# Spring time shedding?



## Gomez150 (Dec 9, 2009)

Does anyone else have a Whether that looses ALL of their hair (except the hair on their face, & most on their legs) when shedding in the spring time?

I have asked the vet about it & she said that since he does it the same time every year it should be okay. No tests were run. 

But I don't want him to loose ALL of his hair right now, because even though he has a heat lamp in his shed (it goes off around 8PM) it is still 35degrees at night (45-60 during the day).

Anyone know what causes this? He is on a goat mineral supplement and he has a billy goat salt/mineral block.
onder:


----------



## AlaskaBoers (May 7, 2008)

i have a doe (new to me) doing the same thing, 35 degrees is fine for them, if he starts shivering give him a sweater. 

check for lice or mites.


----------



## StaceyRosado (Oct 5, 2007)

sometimes they just do that -- very annoying I know.
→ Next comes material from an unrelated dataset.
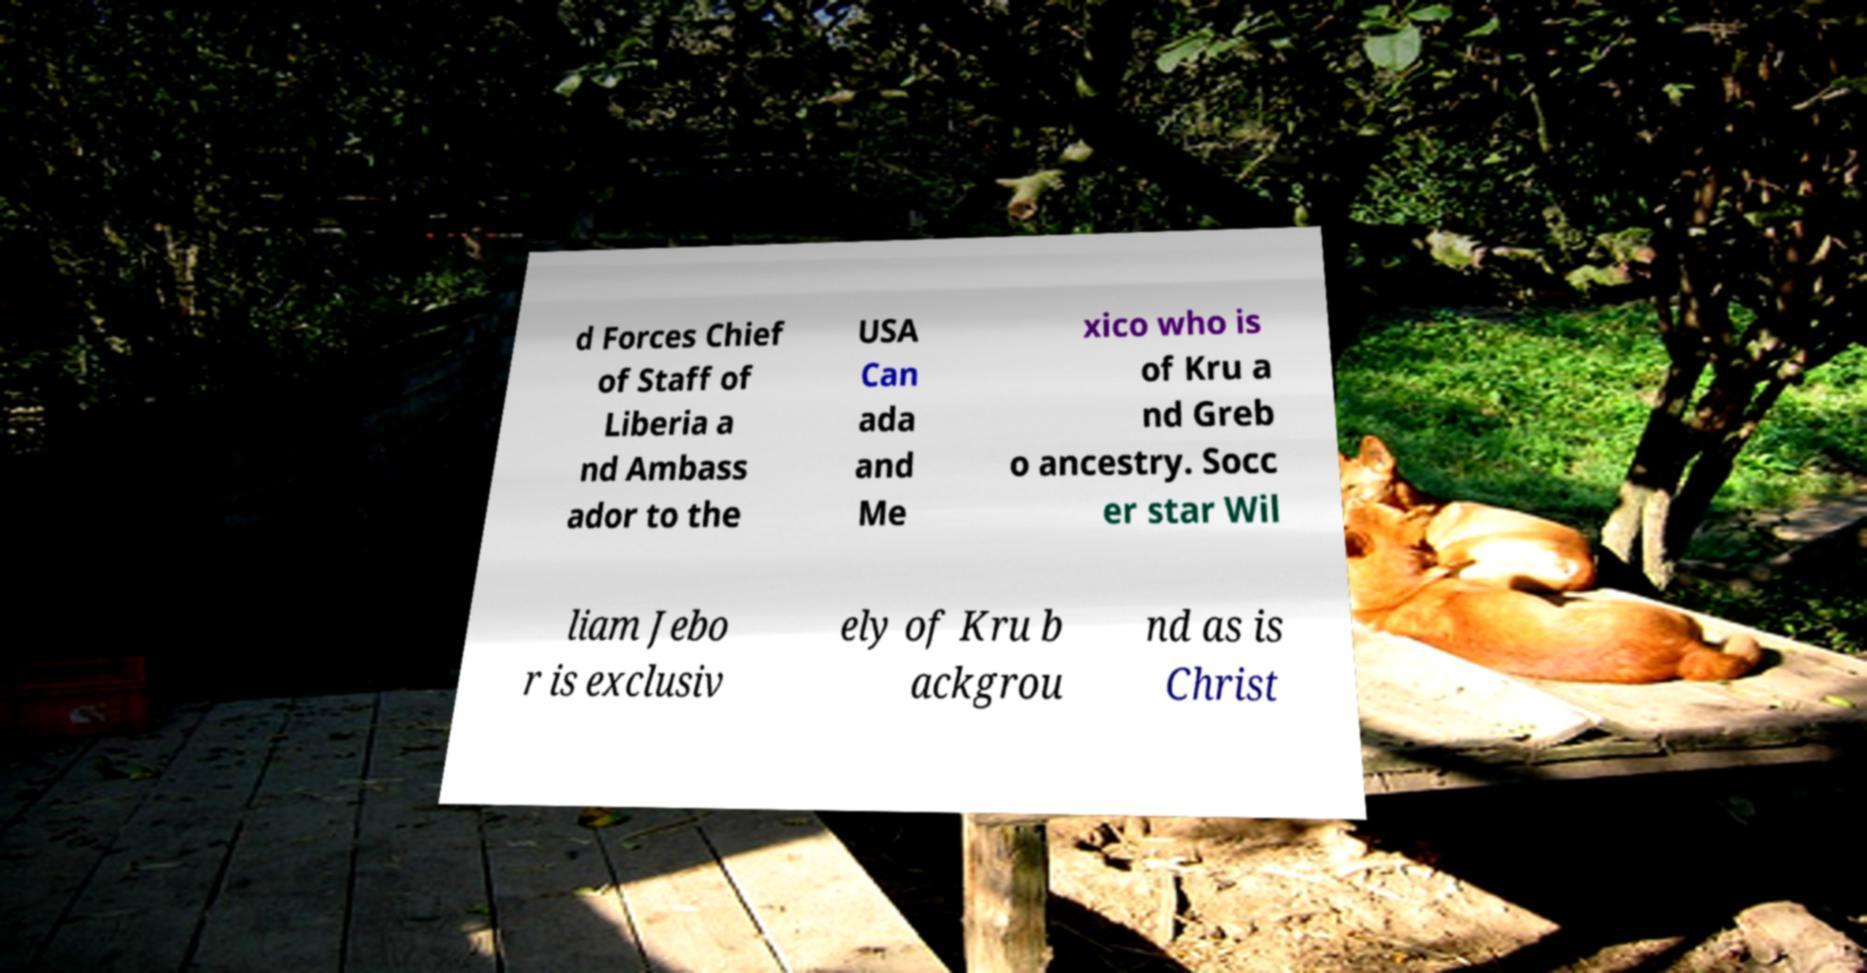Can you read and provide the text displayed in the image?This photo seems to have some interesting text. Can you extract and type it out for me? d Forces Chief of Staff of Liberia a nd Ambass ador to the USA Can ada and Me xico who is of Kru a nd Greb o ancestry. Socc er star Wil liam Jebo r is exclusiv ely of Kru b ackgrou nd as is Christ

Right now I have a doe who gets everything like everyone else but she is loosing all the hair at the base of her ears and onto her head. its weird. But she looks great and her coat is otherwise real good. So I am not going to worry about it. Its just her weird shedding pattern I guess


----------



## cdtrum (Aug 25, 2008)

I have a wether that blows his coat like that....his neck looks awful right now.......his fur is so very thick and he has soooooo much undercoat, that when he starts to shed it in the spring....there isn't much left on his skin, you can see the new growth coming in though......I just watch him and have a coat for him if need be...his brother doesn't have have near the thick fur.


----------



## Gomez150 (Dec 9, 2009)

Glad to know it is nothing to worry about. 
I'd get him a sweater but he has HUGE horns and isn't very nice. (He'll hook you with his horns, we've tried everything nothing helps but I love him none the less)


----------



## trailriding2dressage (Mar 25, 2010)

YES! This was our first spring with goats (we've now owned them for a year and I lvoe them!) and our wether had a very thick winter coat and then it was like he was going bald along his back, scared us half to death!!! We were like WHAT IS GOING ON?? we were worried that what ever he had would spred to the buck we kept him with or the pregnant does in the other field...but we looked and it just looked like major shedding...
my bet is it's like seasonal alopecia. that our horses get sometimes when the wheather gets warm really quickly (even though the temp drops back down)


----------